Some statues still preserve traces of their original coloring. And although certain features of the buildings, decorations, stone idols, and hieroglyphs faintly recall forms found among Old World ruins, the overall style and construction clearly belong to a distinct architectural tradition, independent of the classic schools of Europe or Asia.​



In his narrative of exploration, Stephens observes that countless theories have been advanced to explain the first peopling of America. Some writers argue that the continent’s inhabitants formed a separate race, not descended from the same ancestor as the rest of humanity, while others claim they came from a remnant of antediluvian peoples who survived the Flood and thus represent the most ancient race on earth. Under the broad allowance of descent from the sons of Noah, Americans have been traced, in turn, to Jews, Canaanites, Phoenicians, Carthaginians, Greeks, Scythians, Chinese, Swedes, Norwegians, Welsh, and Spaniards; theorists have imagined continents joining and breaking apart, have resurrected the lost island of Atlantis, and even proposed that the ark itself came to rest within what is now the state of New York.​



Until recently, the surviving monuments of the aboriginal peoples played little part in these speculations. Stephens quotes Dr. Robertson’s skeptical opinion of the ruins, then remarks that while caution may have been wise in Robertson’s day, a flood of new light has since poured in, opening the field of American antiquities to serious study. Confident that his own journeys, together with Catherwood’s and others’, had begun an inquiry that would not cease until the heart of the mystery was laid bare, he turns to rebuke the ignorance and indifference of Spanish-American society toward these remains.​



In the United States, by contrast, the cutting of forests and the uncovering of ancient mounds and earthworks from the Great Lakes down through the Ohio and Mississippi valleys, the finding of mummies in a Kentucky cave, inscriptions on the rock at Dighton thought to be Phoenician, and the reported ruins of walls and a great city in Arkansas and Wisconsin, had already stirred the public imagination.
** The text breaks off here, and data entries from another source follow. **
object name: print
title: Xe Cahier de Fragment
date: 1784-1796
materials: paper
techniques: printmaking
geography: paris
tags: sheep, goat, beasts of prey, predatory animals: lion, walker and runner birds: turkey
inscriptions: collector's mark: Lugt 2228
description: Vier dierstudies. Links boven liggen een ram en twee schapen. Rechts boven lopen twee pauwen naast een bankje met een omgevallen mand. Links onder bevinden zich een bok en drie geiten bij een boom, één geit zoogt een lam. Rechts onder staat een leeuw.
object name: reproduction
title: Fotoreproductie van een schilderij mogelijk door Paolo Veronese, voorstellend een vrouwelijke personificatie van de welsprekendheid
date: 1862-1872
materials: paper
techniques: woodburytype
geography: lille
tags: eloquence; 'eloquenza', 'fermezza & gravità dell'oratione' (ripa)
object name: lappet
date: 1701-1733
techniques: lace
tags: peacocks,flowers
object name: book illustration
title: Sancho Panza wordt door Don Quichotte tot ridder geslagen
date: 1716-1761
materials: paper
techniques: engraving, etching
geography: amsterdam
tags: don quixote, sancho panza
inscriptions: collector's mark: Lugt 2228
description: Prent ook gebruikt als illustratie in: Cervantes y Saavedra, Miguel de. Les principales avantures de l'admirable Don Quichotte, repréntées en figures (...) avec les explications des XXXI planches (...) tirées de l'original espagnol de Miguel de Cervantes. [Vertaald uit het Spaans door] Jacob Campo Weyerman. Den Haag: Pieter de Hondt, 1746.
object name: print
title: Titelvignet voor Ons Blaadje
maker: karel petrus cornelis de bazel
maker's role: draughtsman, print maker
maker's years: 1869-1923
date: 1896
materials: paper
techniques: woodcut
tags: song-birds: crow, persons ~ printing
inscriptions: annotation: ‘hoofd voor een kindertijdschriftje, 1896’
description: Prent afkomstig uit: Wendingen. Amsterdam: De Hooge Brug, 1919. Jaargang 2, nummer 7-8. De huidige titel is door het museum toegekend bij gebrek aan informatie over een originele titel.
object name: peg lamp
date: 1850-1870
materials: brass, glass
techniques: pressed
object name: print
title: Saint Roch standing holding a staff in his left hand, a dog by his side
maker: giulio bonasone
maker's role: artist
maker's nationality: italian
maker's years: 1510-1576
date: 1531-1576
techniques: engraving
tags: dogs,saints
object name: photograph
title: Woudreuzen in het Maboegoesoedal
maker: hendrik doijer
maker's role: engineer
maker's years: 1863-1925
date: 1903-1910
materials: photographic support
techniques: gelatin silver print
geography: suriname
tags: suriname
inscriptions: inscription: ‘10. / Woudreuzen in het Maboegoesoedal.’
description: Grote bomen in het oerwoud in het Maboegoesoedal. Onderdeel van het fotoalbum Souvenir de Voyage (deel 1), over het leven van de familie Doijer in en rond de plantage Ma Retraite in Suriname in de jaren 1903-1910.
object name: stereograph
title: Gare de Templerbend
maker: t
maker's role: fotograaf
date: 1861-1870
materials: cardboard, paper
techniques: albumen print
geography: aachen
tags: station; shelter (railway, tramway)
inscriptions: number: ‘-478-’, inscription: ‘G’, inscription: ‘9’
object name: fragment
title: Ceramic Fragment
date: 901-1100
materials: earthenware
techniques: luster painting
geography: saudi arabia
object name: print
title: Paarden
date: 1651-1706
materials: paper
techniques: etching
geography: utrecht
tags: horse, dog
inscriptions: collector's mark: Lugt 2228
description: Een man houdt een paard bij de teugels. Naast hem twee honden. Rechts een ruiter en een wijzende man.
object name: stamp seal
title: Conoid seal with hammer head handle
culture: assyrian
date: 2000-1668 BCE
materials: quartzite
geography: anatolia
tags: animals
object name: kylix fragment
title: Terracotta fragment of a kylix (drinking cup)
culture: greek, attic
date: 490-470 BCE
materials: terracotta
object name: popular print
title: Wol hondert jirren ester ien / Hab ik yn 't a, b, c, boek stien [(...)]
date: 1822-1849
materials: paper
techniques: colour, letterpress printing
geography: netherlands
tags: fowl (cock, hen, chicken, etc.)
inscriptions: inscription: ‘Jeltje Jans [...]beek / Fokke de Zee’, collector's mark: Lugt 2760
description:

These discoveries fed a strong belief that powerful, populous nations had once occupied the land and vanished, leaving no written history. Similar traces continue into Texas, and in Mexico the evidence grows clearer still.​



The first to shed new light on the question was Alexander von Humboldt. He visited and gathered information about Mitla, or the “Vale of the Dead”; about Xochicalco, a mountain cut down and terraced, called the Hill of Flowers; and about the great pyramid or temple of Cholula. Unfortunately, he never reached, or at least never described, the ruined cities beyond the Valley of Mexico—cities buried in forest, silent, ruined, and nameless—whose existence only recently became known in Europe and the United States.​



When reports of these sites began to circulate, however vague, they fired curiosity, though both Stephens and Catherwood admit they were somewhat skeptical at first and reached Copan more in hope than in firm expectation of marvels. Since the discovery of these ruined cities, the prevailing theory has been that they belonged to a people far older than the tribes encountered by the Spaniards at the time of the conquest, a race whose civilization had already declined or disappeared.